#### What to do:
Give the records again exactly as written. Leave out the pictures.

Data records
---
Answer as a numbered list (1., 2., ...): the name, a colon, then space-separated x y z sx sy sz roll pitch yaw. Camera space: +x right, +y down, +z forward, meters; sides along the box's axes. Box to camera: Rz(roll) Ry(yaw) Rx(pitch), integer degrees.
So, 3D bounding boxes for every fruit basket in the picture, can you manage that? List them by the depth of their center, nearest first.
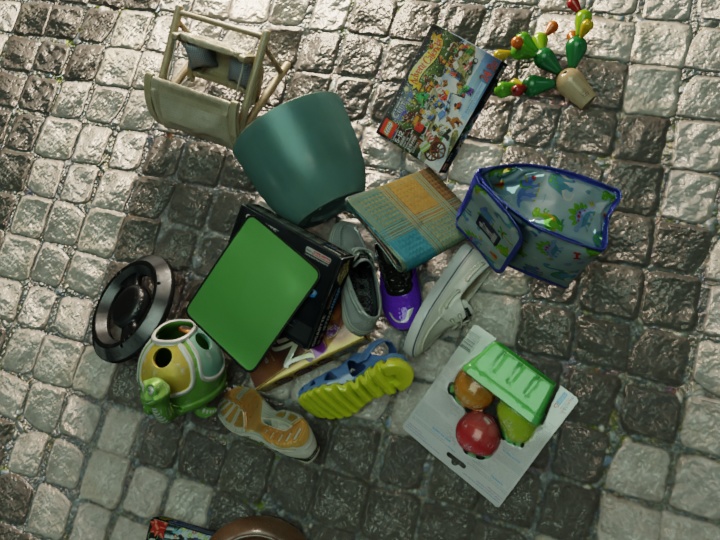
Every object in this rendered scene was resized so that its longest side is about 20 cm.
1. fruit basket: 0.190 0.213 1.018 0.185 0.094 0.200 36 103 20

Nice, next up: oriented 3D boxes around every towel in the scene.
1. towel: 0.087 -0.084 1.068 0.200 0.022 0.147 -26 70 -39

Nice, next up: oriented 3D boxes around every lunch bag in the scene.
1. lunch bag: 0.243 -0.070 0.989 0.200 0.170 0.128 22 71 5

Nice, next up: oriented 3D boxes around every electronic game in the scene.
1. electronic game: -0.395 0.064 1.186 0.200 0.042 0.200 -19 54 28

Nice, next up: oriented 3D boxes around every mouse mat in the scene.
1. mouse mat: -0.169 0.035 1.052 0.161 0.008 0.200 40 100 18

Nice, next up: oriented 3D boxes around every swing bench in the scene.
1. swing bench: -0.264 -0.337 1.231 0.199 0.130 0.200 21 83 18

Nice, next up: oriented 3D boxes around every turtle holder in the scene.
1. turtle holder: -0.299 0.160 1.086 0.141 0.185 0.132 12 117 32

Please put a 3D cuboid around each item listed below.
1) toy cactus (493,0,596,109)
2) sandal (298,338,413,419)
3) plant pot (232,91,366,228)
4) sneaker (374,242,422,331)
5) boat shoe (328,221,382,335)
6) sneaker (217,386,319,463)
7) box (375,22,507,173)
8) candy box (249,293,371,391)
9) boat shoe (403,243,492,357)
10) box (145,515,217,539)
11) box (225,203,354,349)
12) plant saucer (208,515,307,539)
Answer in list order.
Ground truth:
1. toy cactus: 0.318 -0.336 1.108 0.200 0.102 0.165 -40 80 -7
2. sandal: -0.008 0.170 1.082 0.200 0.080 0.087 -23 35 16
3. plant pot: -0.084 -0.166 1.114 0.200 0.201 0.161 -28 83 7
4. sneaker: 0.053 -0.007 1.084 0.069 0.100 0.201 -7 75 15
5. boat shoe: -0.001 0.000 1.080 0.070 0.072 0.201 4 60 -27
6. sneaker: -0.149 0.254 1.091 0.200 0.088 0.076 19 60 40
7. box: 0.130 -0.281 1.125 0.136 0.038 0.200 35 110 19
8. candy box: -0.097 0.105 1.121 0.200 0.056 0.117 -27 72 8
9. boat shoe: 0.143 0.056 1.067 0.070 0.071 0.200 30 79 22
10. box: -0.291 0.508 1.083 0.137 0.040 0.201 9 79 17
11. box: -0.124 0.007 1.072 0.200 0.046 0.159 29 107 21
12. plant saucer: -0.160 0.479 1.036 0.200 0.034 0.201 0 79 0
---
#### Exercise solution:
Answer as a numbered list (1., 2., ...): the name, a colon, then space-separated x y z sx sy sz roll pitch yaw. Camera space: +x right, +y down, +z forward, meters; sides along the box's axes. Box to camera: Rz(roll) Ry(yaw) Rx(pitch), integer degrees.
So, 3D bounding boxes for every fruit basket in the picture, can you manage that? List them by the depth of their center, nearest first.
Every object in this rendered scene was resized so that its longest side is about 20 cm.
1. fruit basket: 0.190 0.213 1.018 0.185 0.094 0.200 36 103 20

Nice, next up: oriented 3D boxes around every towel in the scene.
1. towel: 0.087 -0.084 1.068 0.200 0.022 0.147 -26 70 -39

Nice, next up: oriented 3D boxes around every lunch bag in the scene.
1. lunch bag: 0.243 -0.070 0.989 0.200 0.170 0.128 22 71 5

Nice, next up: oriented 3D boxes around every electronic game in the scene.
1. electronic game: -0.395 0.064 1.186 0.200 0.042 0.200 -19 54 28

Nice, next up: oriented 3D boxes around every mouse mat in the scene.
1. mouse mat: -0.169 0.035 1.052 0.161 0.008 0.200 40 100 18

Nice, next up: oriented 3D boxes around every swing bench in the scene.
1. swing bench: -0.264 -0.337 1.231 0.199 0.130 0.200 21 83 18

Nice, next up: oriented 3D boxes around every turtle holder in the scene.
1. turtle holder: -0.299 0.160 1.086 0.141 0.185 0.132 12 117 32

Please put a 3D cuboid around each item listed below.
1) toy cactus (493,0,596,109)
2) sandal (298,338,413,419)
3) plant pot (232,91,366,228)
4) sneaker (374,242,422,331)
5) boat shoe (328,221,382,335)
6) sneaker (217,386,319,463)
7) box (375,22,507,173)
8) candy box (249,293,371,391)
9) boat shoe (403,243,492,357)
10) box (145,515,217,539)
11) box (225,203,354,349)
12) plant saucer (208,515,307,539)
Answer in list order.
Ground truth:
1. toy cactus: 0.318 -0.336 1.108 0.200 0.102 0.165 -40 80 -7
2. sandal: -0.008 0.170 1.082 0.200 0.080 0.087 -23 35 16
3. plant pot: -0.084 -0.166 1.114 0.200 0.201 0.161 -28 83 7
4. sneaker: 0.053 -0.007 1.084 0.069 0.100 0.201 -7 75 15
5. boat shoe: -0.001 0.000 1.080 0.070 0.072 0.201 4 60 -27
6. sneaker: -0.149 0.254 1.091 0.200 0.088 0.076 19 60 40
7. box: 0.130 -0.281 1.125 0.136 0.038 0.200 35 110 19
8. candy box: -0.097 0.105 1.121 0.200 0.056 0.117 -27 72 8
9. boat shoe: 0.143 0.056 1.067 0.070 0.071 0.200 30 79 22
10. box: -0.291 0.508 1.083 0.137 0.040 0.201 9 79 17
11. box: -0.124 0.007 1.072 0.200 0.046 0.159 29 107 21
12. plant saucer: -0.160 0.479 1.036 0.200 0.034 0.201 0 79 0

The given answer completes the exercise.